A deal reached by union leaders and Governor Jim Justice was announced on February 27, and union leaders called on teachers and other education-related personnel to return to classrooms on Thursday March 1, after a "cooling off" period. However, during the late evening on February 28, every county announced school closures due to continuing work stoppages, and by this point the stoppage had become a wildcat strike. On March 3, the West Virginia Senate rejected a bill passed by the West Virginia House of Delegates approving the agreed upon 5% pay rise, instead proposing a 4% pay rise, extending the strike into an eighth work day.
A similar strike was proposed by teachers in Oklahoma, where teacher compensation is worse than in West Virginia, at 49th in the United States. On Sunday March 4, 1,400 West Virginia Frontier Communications workers went on strike in response to company restructuring, also citing rising health care costs, and the example of the Teacher's Strike.
West Virginia school personnel returned to classrooms on Wednesday March 7 after the State Senate agreed to the House's position following conference committee negotiations. The strike, while achieving a 5% pay raise, did not provide guarantees to control rising health care costs.
Reactions to the Strike
Justice and other Republican lawmakers opposed the strike and asserted that the teachers' absence from the classroom were hurting school children. He also said there was not enough money to fund teachers' demands. “I’m telling you when we should do more is when we know we can do more," Justice said on February 23. "Today we think we can do more, but we don’t know. Our teachers need to be in the classroom. The Legislature has spoken and I’ve signed it into law.” Justice, a billionaire coal magnate, won election in 2016 as a Democrat with the endorsements of the AFT-WV and the WVEA, along with other unions in the state. He subsequently switched to the Republican Party.

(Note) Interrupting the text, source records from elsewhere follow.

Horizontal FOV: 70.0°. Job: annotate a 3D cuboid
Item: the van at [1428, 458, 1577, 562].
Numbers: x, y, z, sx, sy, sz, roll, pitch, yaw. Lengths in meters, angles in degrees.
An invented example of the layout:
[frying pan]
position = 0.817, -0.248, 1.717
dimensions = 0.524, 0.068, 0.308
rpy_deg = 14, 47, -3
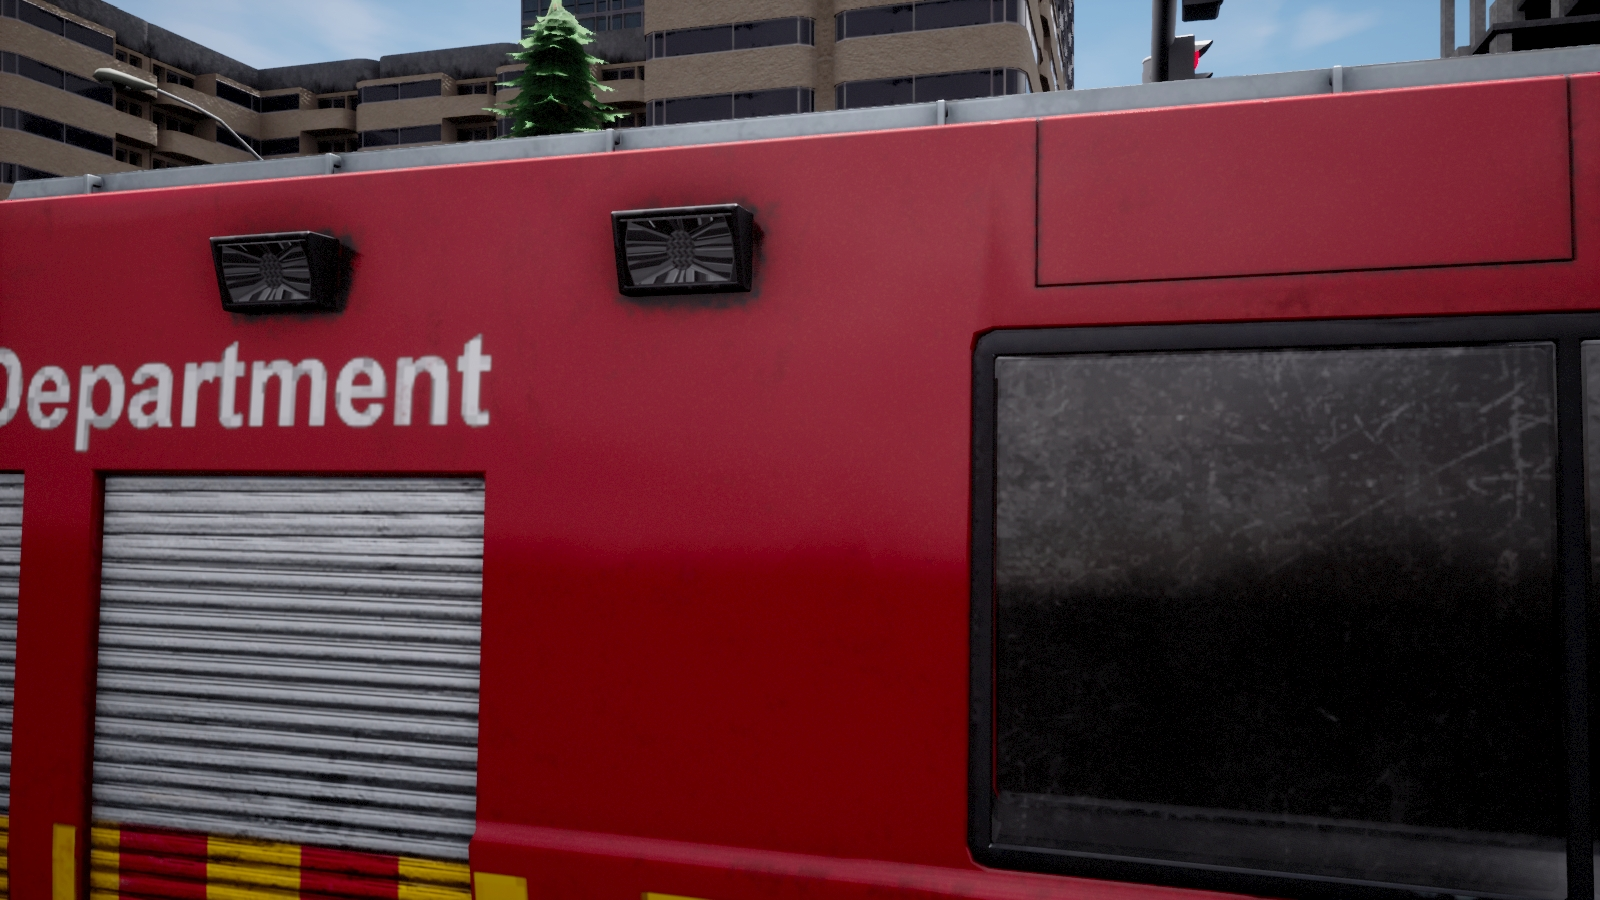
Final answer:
[van]
position = 19.339, 1.534, 31.776
dimensions = 1.988, 2.561, 5.915
rpy_deg = 0, 0, 16

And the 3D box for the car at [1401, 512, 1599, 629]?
[car]
position = 12.484, 2.037, 20.491
dimensions = 2.038, 1.542, 4.974
rpy_deg = 0, 0, 16

Union officials sought backing from prominent state Democratic Party leaders, inviting them to speak at teachers' demonstrations during the strike. However, prior to the strike, Democrats had control the governor’s mansion for 32 of the previous 40 years. They controlled the governor's mansion and the legislature between 2001-2014.

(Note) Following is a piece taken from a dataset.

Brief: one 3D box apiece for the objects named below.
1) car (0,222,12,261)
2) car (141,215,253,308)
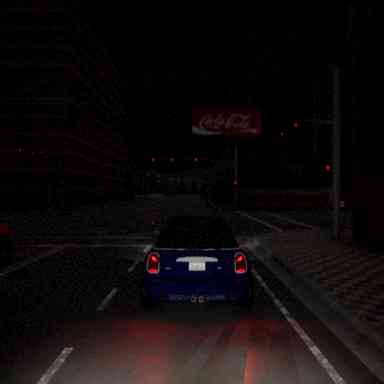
[{"bbox_3d":[-7.048,1.344,9.125,2.097,1.767,4.553,0,0,0],"label":"car"},{"bbox_3d":[0.086,1.345,8.058,2.097,1.767,4.553,0,0,0],"label":"car"}]

The strike was noteworthy because it emerged from rank-and-file teachers, who began to demand statewide strike action. Pressure to strike was "coming from everywhere," Christine Campbell, AFT-WV president, said in early February. These demands coalesced into a series of rallies and demonstrations held throughout the state. Ultimately the strike became a wildcat when teachers refused back-to-work orders from the unions.
The World Socialist Web Site, daily publication of the Socialist Equality Party, which published many interviews with teachers, argued that the AFT-WV and WVEA would settle the strike on unfavorable terms to school employees. It called on teachers to form rank-and-file committees independent of the trade unions and to broaden the strike to include teachers in other states and other groups of workers in West Virginia.
The Industrial Workers of the World issued a press release, demanding that the strike continue unless a series of demands were met, including a tax on natural gas production to fund state education.